For the fourth quarter, the London, UK-based carrier posted net income of 391m pounds ($739.5m), down from 440m pounds ($832m). Revenue for the quarter rose 7% to 5.13bn pounds ($9.71bn) from 4.82bn pounds ($9.12bn) in the year-ago period. Analysts had expected net income of 414m pounds ($783m) on sales of 5.11bn pounds in the quarter ($9.66bn).
For the full year ending March 31, BT posted a profit of 1.55bn pounds ($2.93bn), compared to 1.83bn pounds ($3.46bn) in 2005. Sales rose 6% to 19.51bn pounds ($36.93bn), from 18.43bn pounds ($34.88bn) the previous year.
The results showed that BT’s fixed-line revenues declined by 3%, in common with nearly all telecoms carriers around the world. However, BT is without a mobile operation after the spin-off of BT Cellnet (later known as O2 Plc) in November 2001. Yet in the space of four years, the UK company has transformed itself into one of the most dynamic fixed-line carriers in the world.
Part of this transformation has been down to BT’s creation of a new wave (broadband, IT services, and mobility) revenue stream, which for the last couple of years has provided the vast majority of BT’s growth. During the fourth quarter, new wave revenue rose 28% to 1.85bn pounds ($3.5bn), while full-year new wave revenue rose 38% to 6.28bn pounds ($11.87bn), which represents 32% of BT’s total sales for the past 12 months. Excluding the acquisitions of Albacom and Infonet Services Corp, the organic growth in new wave revenue was 23%.
This quarter’s results are a terrific set of numbers. They show BT firing on all cylinders, with EBITDA, revenue, and earnings per share all growing, said chief executive Ben Verwaayen. These results provide further evidence that our strategy of embracing change is working.
BT has been relying on broadband in particular in recent years to make up for the lack of a mobile operation. During the quarter it added 800,000 new customers, giving BT Retail a 31% market share. In total, BT had 7.9 million broadband customers at the end of March, up 58% from the previous year. Since then, it has broken through the 8 million barrier.
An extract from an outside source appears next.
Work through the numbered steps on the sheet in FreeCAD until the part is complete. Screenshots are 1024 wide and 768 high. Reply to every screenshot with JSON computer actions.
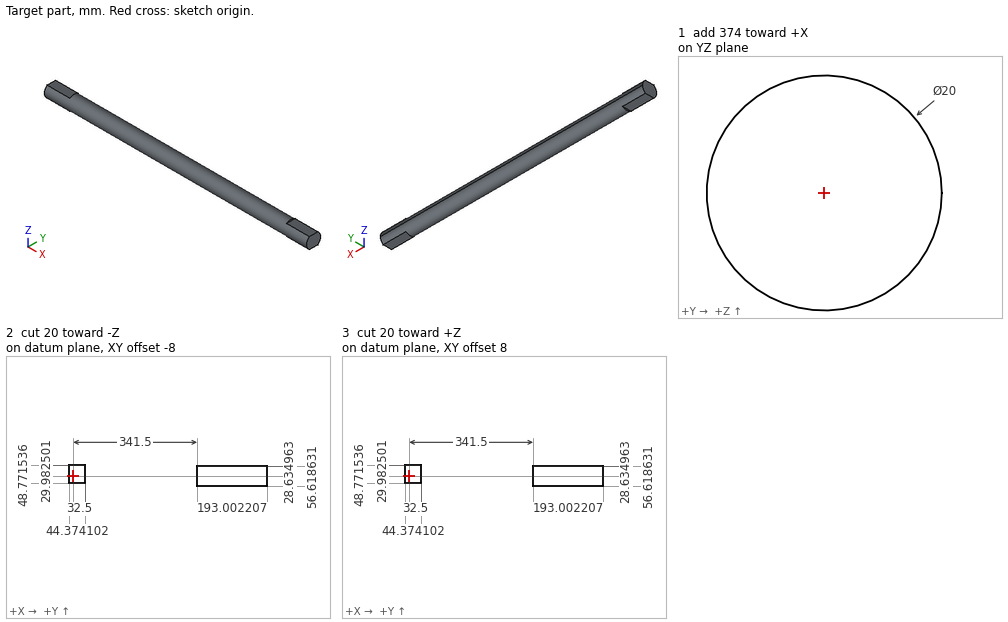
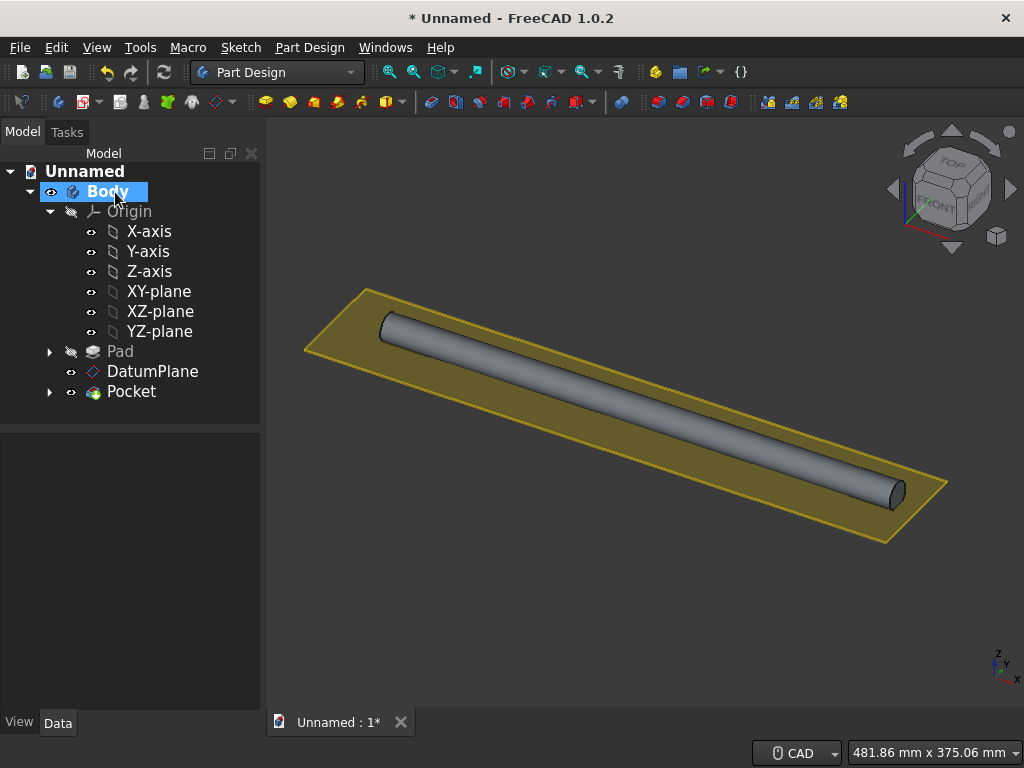
{"action": "left_click", "coordinate": [116, 372]}
{"action": "key", "text": "space"}

However, it is coming under increasing pressure from rivals such as NTL Inc, Cable & Wireless Plc, and the Carphone Warehouse, and it is certain to come under renewed pressure during the next 12 months.
Another key element of BT’s new wave revenue comes from its services arm, BT Global Services. Sales here rose from 7.49bn pounds ($14.1bn) in 2005, to 8.63bn pounds ($16.3bn) in 2006, as BT continues to win large network management deals. During the fourth quarter alone it won 1.1bn pounds ($2.08bn) worth of networked IT services contracts, bringing the value of total orders achieved during the last 12 months to 5.4bn pounds ($10.21bn).
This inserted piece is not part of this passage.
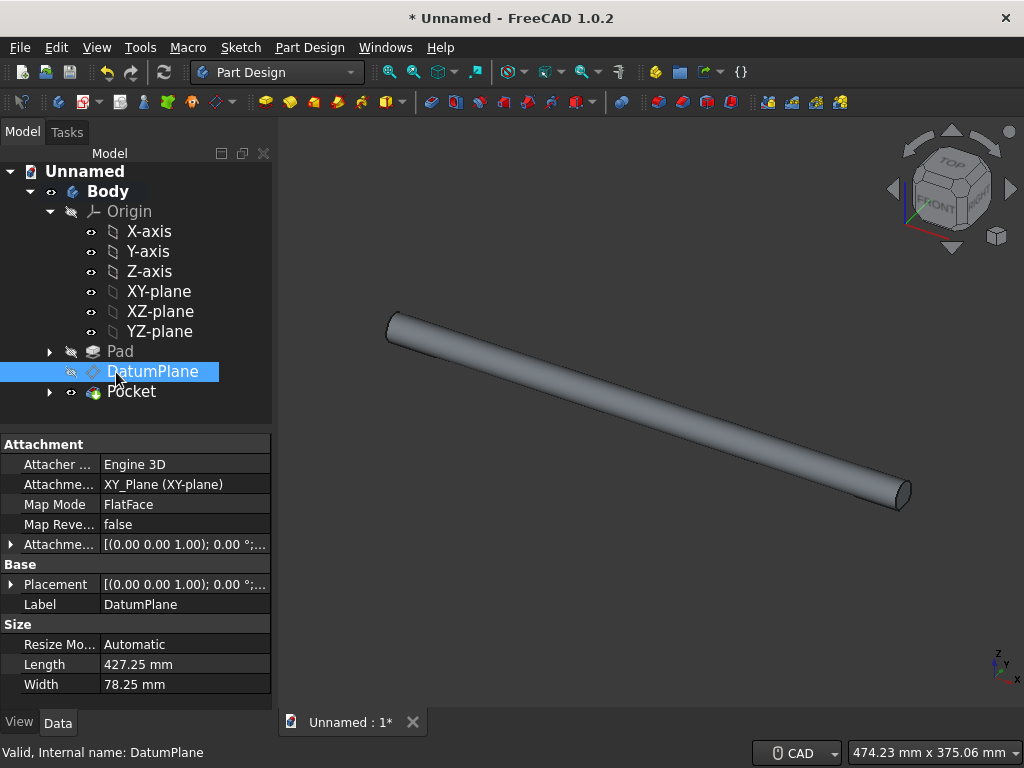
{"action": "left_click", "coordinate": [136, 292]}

A smaller but increasingly important part of new wave is the mobility section, where sales rose 18% to 39m pounds ($73.6m). Last June, the carrier launched BT Fusion, a mobile phone that automatically routes calls to a BT broadband line when the customer is in the home zone (either a home or office), and then piggybacks on the mobile network of Vodafone Group Plc when outside this area. The service has attracted more than 30,000 connections since its launch.
BT’s intension to roll out wireless networks across 12 of the major UK cities will further increase the attraction of this mobility device. BT Openzone already has 8,400 hotspots in the UK and Ireland, and more than 30,000 globally.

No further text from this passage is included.